┌──

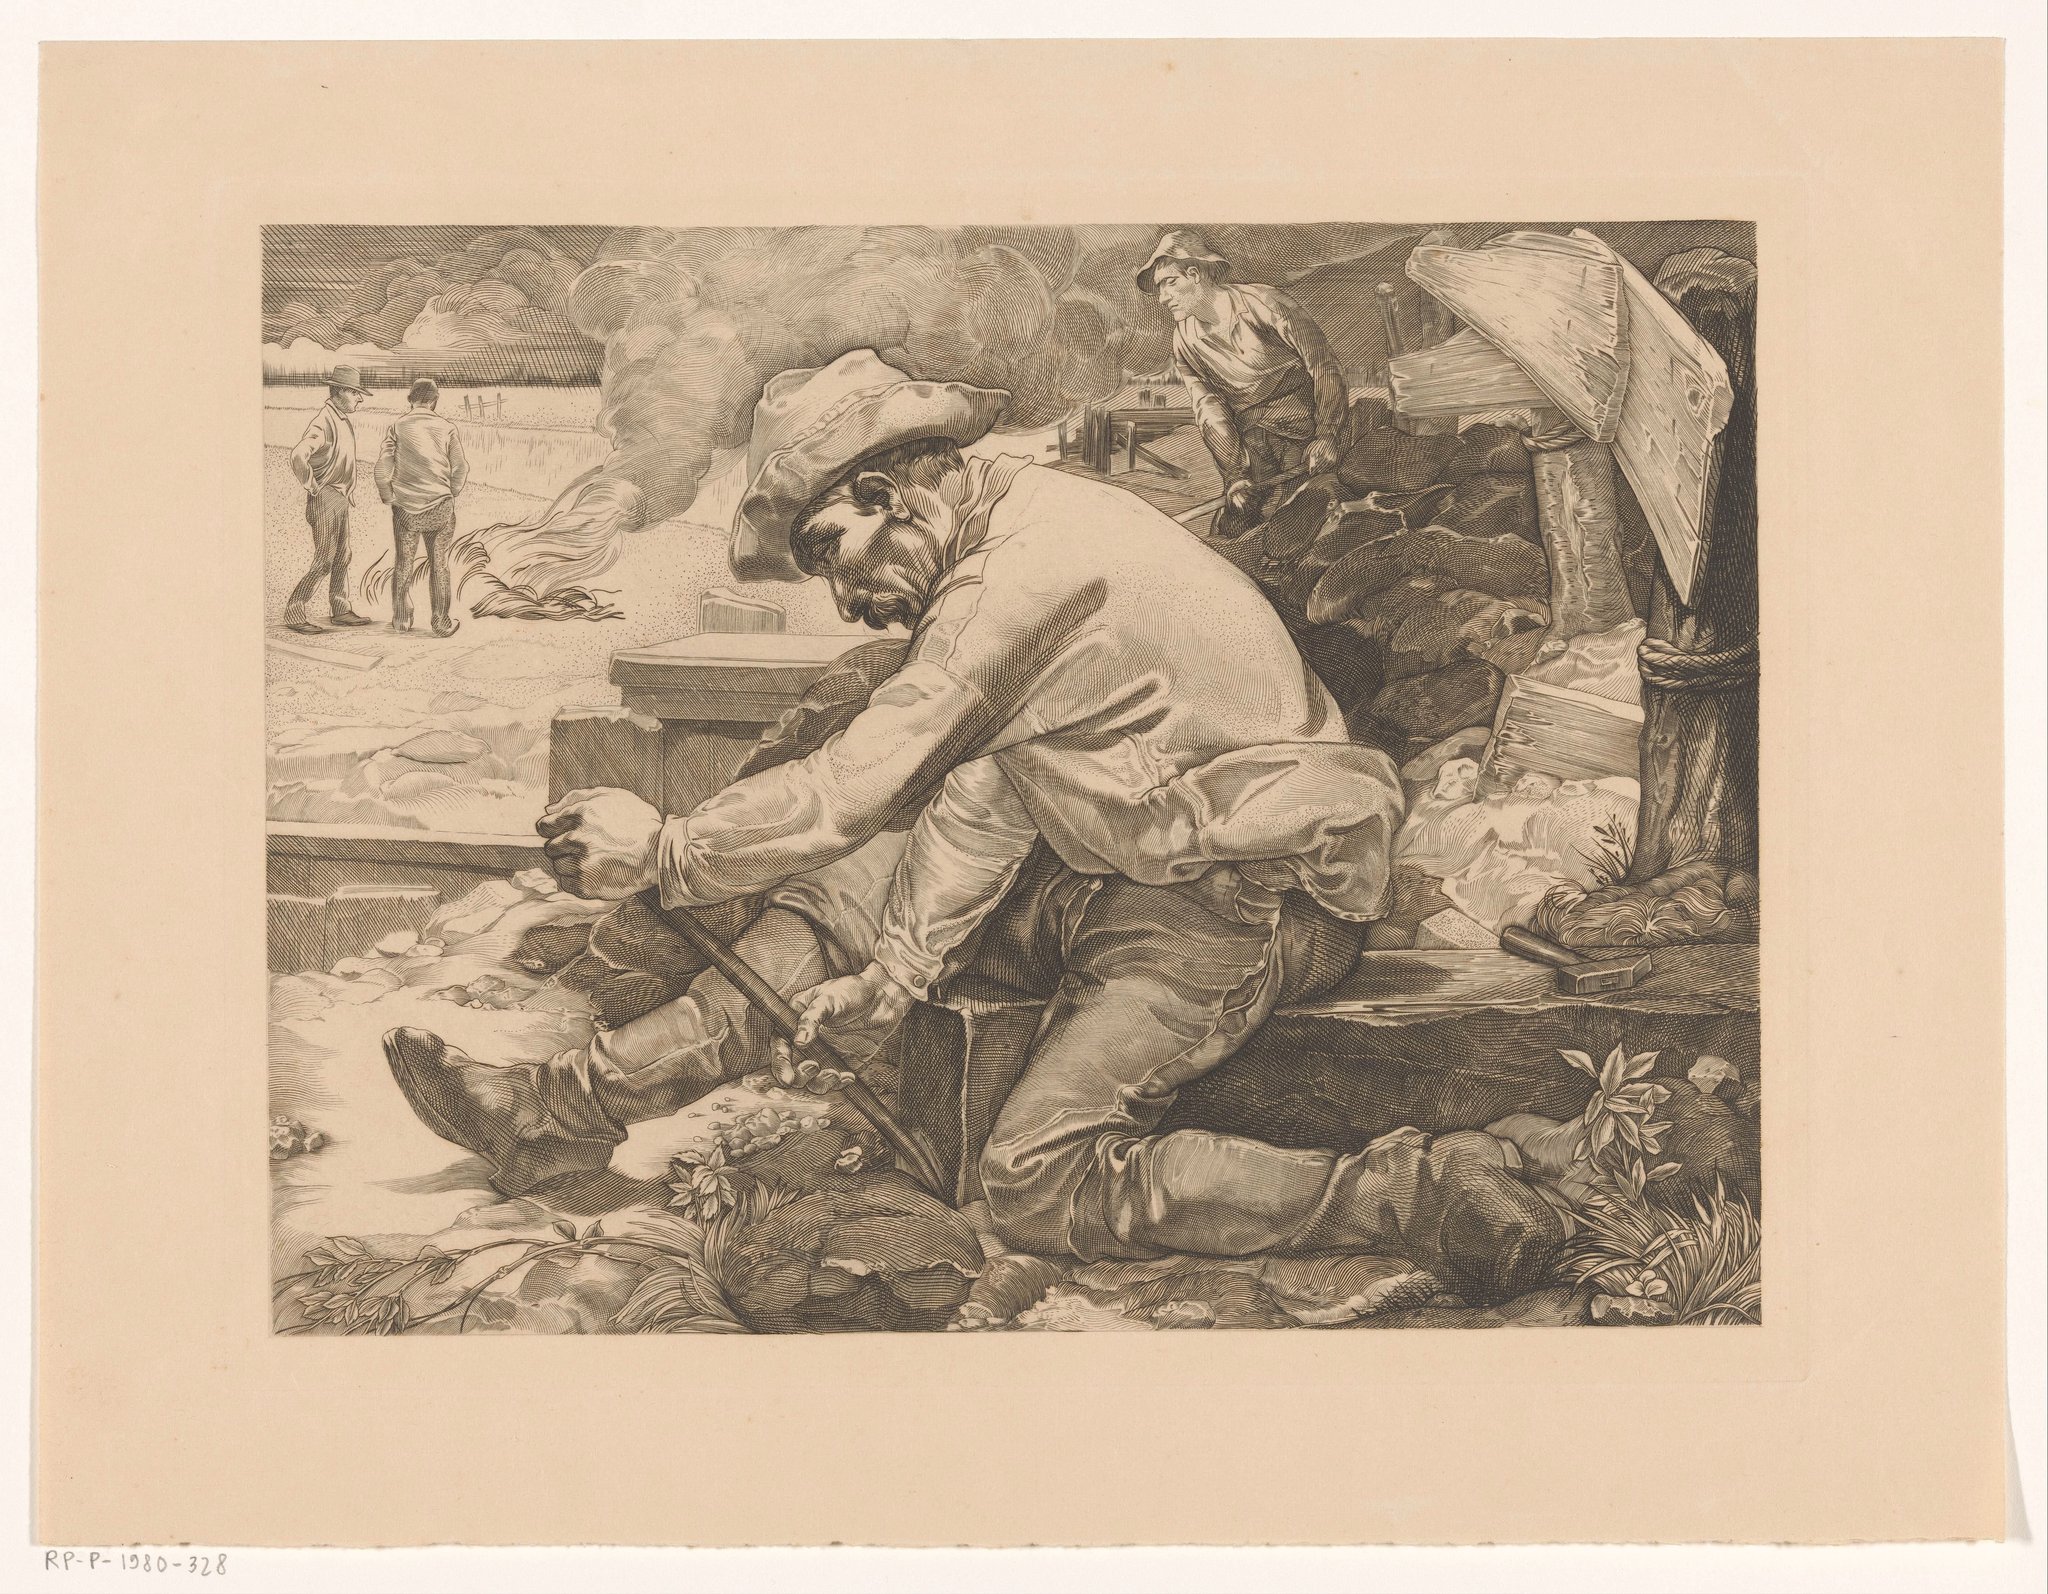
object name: print
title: Wrikkende arbeider
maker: johannes josephus aarts
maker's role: draughtsman, print maker
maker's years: 1871-1934
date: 1900
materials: paper
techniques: engraving, intaglio
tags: open fire (in general), working class, labourers
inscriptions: collector's mark: Lugt 2228
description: Een arbeider wrikt met een staaf onder een balk. Op de achtergrond nog drie arbeiders, waarvan twee bij een vuur.

└──

## Exercise goal:
Exactly and only the lines from the line containing "maker's years: 1871-1934" through the last line of the entries should be copied, both ends included.

## Your solution:
maker's years: 1871-1934
date: 1900
materials: paper
techniques: engraving, intaglio
tags: open fire (in general), working class, labourers
inscriptions: collector's mark: Lugt 2228
description: Een arbeider wrikt met een staaf onder een balk. Op de achtergrond nog drie arbeiders, waarvan twee bij een vuur.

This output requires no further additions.